Trying to figure out how to ask this question...I currently have a Sharp 46", and when I get about 4 feet from it, I can notice the PQ defects (DirecTv source) which are not noticable from my normal viewing point of 11 feet from the screen.

If I was to create a theatre in my spare room, with a nominal viewing distance of 10' from seat to screen, at what size screen would be the sweet spot between awesome and being able to see PQ defects that would drive me nuts? 

How does upconverted SD (like all the current preseason baseball games) look?

Ive really wanted to make a theatre for a long time, this projector sure looks nice. I havent priced the screens or ceiling mounts, but dont want to spend that kind of money if it looks crappy in a smaller room. A 12' x 12' room is all I have to work with.


----------



## spartanstew (Nov 16, 2005)

Davenlr said:


> If I was to create a theatre in my spare room, with a nominal viewing distance of 10' from seat to screen, at what size screen would be the sweet spot between awesome and being able to see PQ defects that would drive me nuts?


100"



Davenlr said:


> How does upconverted SD (like all the current preseason baseball games) look?

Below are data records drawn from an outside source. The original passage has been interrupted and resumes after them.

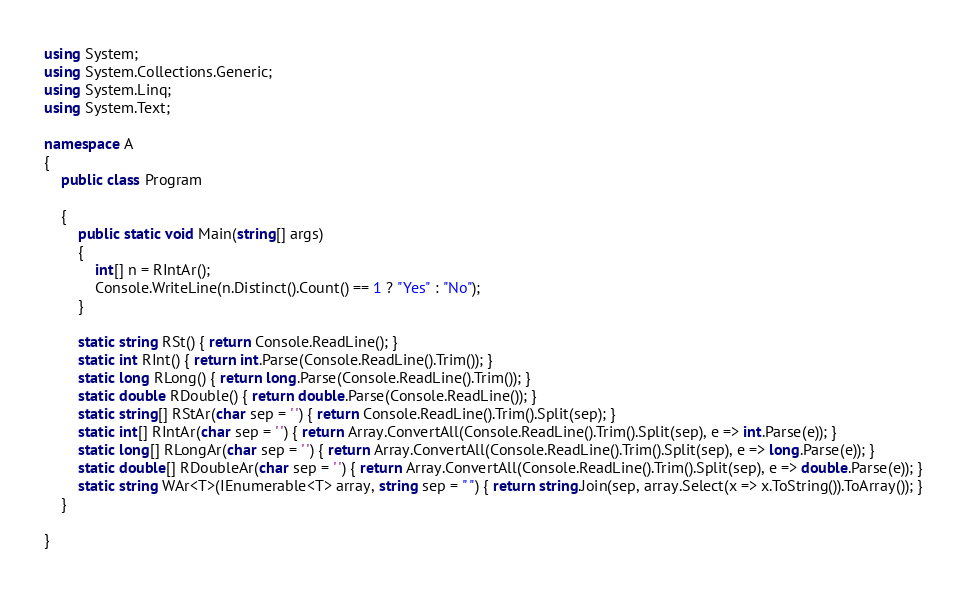<code> <loc_0><loc_0><loc_500><loc_500><_C#_>using System;
using System.Collections.Generic;
using System.Linq;
using System.Text;

namespace A
{
    public class Program

    {
        public static void Main(string[] args)
        {
            int[] n = RIntAr();
            Console.WriteLine(n.Distinct().Count() == 1 ? "Yes" : "No");
        }

        static string RSt() { return Console.ReadLine(); }
        static int RInt() { return int.Parse(Console.ReadLine().Trim()); }
        static long RLong() { return long.Parse(Console.ReadLine().Trim()); }
        static double RDouble() { return double.Parse(Console.ReadLine()); }
        static string[] RStAr(char sep = ' ') { return Console.ReadLine().Trim().Split(sep); }
        static int[] RIntAr(char sep = ' ') { return Array.ConvertAll(Console.ReadLine().Trim().Split(sep), e => int.Parse(e)); }
        static long[] RLongAr(char sep = ' ') { return Array.ConvertAll(Console.ReadLine().Trim().Split(sep), e => long.Parse(e)); }
        static double[] RDoubleAr(char sep = ' ') { return Array.ConvertAll(Console.ReadLine().Trim().Split(sep), e => double.Parse(e)); }
        static string WAr<T>(IEnumerable<T> array, string sep = " ") { return string.Join(sep, array.Select(x => x.ToString()).ToArray()); }
    }

}
</code>

Depends on what you're upconverting with. I watch SD occasionally on my 126" screen from about 12.5' and while it's not HD, it's fine.


----------



## mechman (Apr 29, 2006)

THX recommends screen size (diagonally) divided by .84 to get the proper viewing distance. Stew hit the nail on the head. 

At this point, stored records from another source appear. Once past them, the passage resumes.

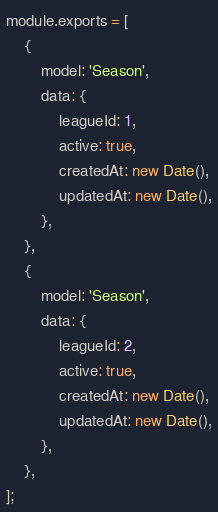Convert code to text. <code><loc_0><loc_0><loc_500><loc_500><_JavaScript_>module.exports = [
    {
        model: 'Season',
        data: {
            leagueId: 1,
            active: true,
            createdAt: new Date(),
            updatedAt: new Date(),
        },
    },
    {
        model: 'Season',
        data: {
            leagueId: 2,
            active: true,
            createdAt: new Date(),
            updatedAt: new Date(),
        },
    },
];
</code>

I don't like to watch any SD content on my setup. Some sources are better than others though. My local station that broadcasts hockey occasionally though is downright awful. As was the Columbus feed last night.


----------



## Davenlr (Sep 16, 2006)

Im not upconverting. DirecTv is sending out the games on the HD RSN's that way. Its obviously upconverted, or at best, anamorphic 480 sent out at 720p. Thanks for the 100". I notice the Panasonic says it can be sized from 40" to 240" or something like that, but the Epson 8500 lists 100" screen size, but doesnt say if it can be changed. If I go 100", from the top corner of the room, that puts the bottom of the picture a little closer to the floor than Id like. I would have to build a false wall out about 2" across the back wall to cover a window, and then sheet rock that, and paint it with the special paint, or get a screen. Ill have to do a lot more reading I think.


----------



## Davenlr (Sep 16, 2006)

mechman said:


> THX recommends screen size (diagonally) divided by .84 to get the proper viewing distance. Stew hit the nail on the head.
> 
> I don't like to watch any SD content on my setup. Some sources are better than others though. My local station that broadcasts hockey occasionally though is downright awful. As was the Columbus feed last night.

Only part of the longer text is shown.